Aaron, J., and Irion, J., concurred.



?FN 1. Statutory references are to the Business and Professions Code unless otherwise specified.



?FN 2. We requested supplemental briefing on this issue from the plaintiffs, and we have taken their response into consideration.



?FN 3. In Landgraf, the issue was whether a provision of the Civil Rights Act of 1991 (42 U.S.C. ? 1981a(a)) (section 102), which created a right to recover compensatory and punitive damages for certain violations of title VII of the Civil Rights Act of 1964 (42 U.S.C. ? 2000e et seq.), and a right to a jury trial if such damages were sought, applied to a title VII case pending on appeal when section 102 was enacted. The court noted section 102 significantly expands the monetary relief potentially available to plaintiffs who would have been entitled to backpay under prior law, and it also allows monetary relief for some forms of workplace discrimination that would not previously have justified any relief under Title VII. (Landgraf, supra, 511 U.S. at pp. 253-254.) The court held the new measure did not apply to pending actions, explaining: In cases like this one, in which prior law afforded no relief, [section] 102 can be seen as creating a new cause of action, and its impact on parties` rights is especially pronounced. . . . The extent of a party`s liability, in the civil context as well as the criminal, is an important legal consequence that cannot be ignored. (Id. at pp. 283-284.) The court noted that absent congressional intent to the contrary, it had never read a statute substantially increasing the monetary liability of a private party to apply to conduct occurring before the statute`s enactment. (Id. at p. 284.)

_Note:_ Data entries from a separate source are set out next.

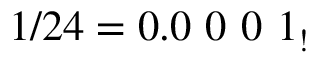Convert formula to latex. <formula><loc_0><loc_0><loc_500><loc_500>1 / 2 4 = 0 . 0 \ 0 \ 0 \ 1 _ { ! }</formula> 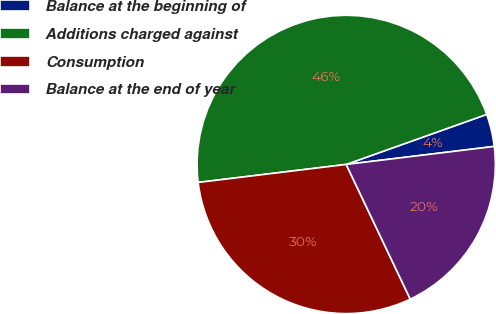Convert chart. <chart><loc_0><loc_0><loc_500><loc_500><pie_chart><fcel>Balance at the beginning of<fcel>Additions charged against<fcel>Consumption<fcel>Balance at the end of year<nl><fcel>3.52%<fcel>46.48%<fcel>30.14%<fcel>19.86%<nl></chart> 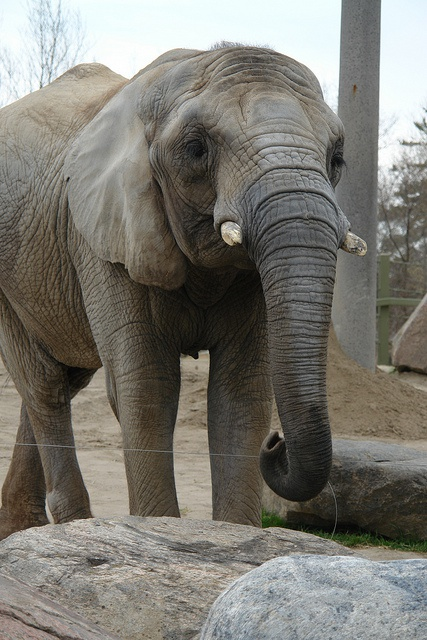Describe the objects in this image and their specific colors. I can see a elephant in white, gray, black, and darkgray tones in this image. 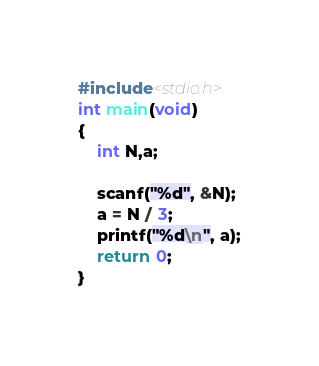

?FN 4. In addition to raising Proposition 64 in its reply brief, CEI filed a separate motion to dismiss the plaintiffs` UCL claims. Given our holding on the merits, we deny the motion. The parties also asked us to take judicial notice of various superior court documents pertaining to rulings on Proposition 64 issues. (Evid. Code, ? 452, subd. (d).) The documents are not germane to our decision, and thus we deny the requests.



?FN 5. Given our holding, we are not required to consider the trial court`s reliance on waiver as an alternative ground for denying CEI`s motion to compel arbitration.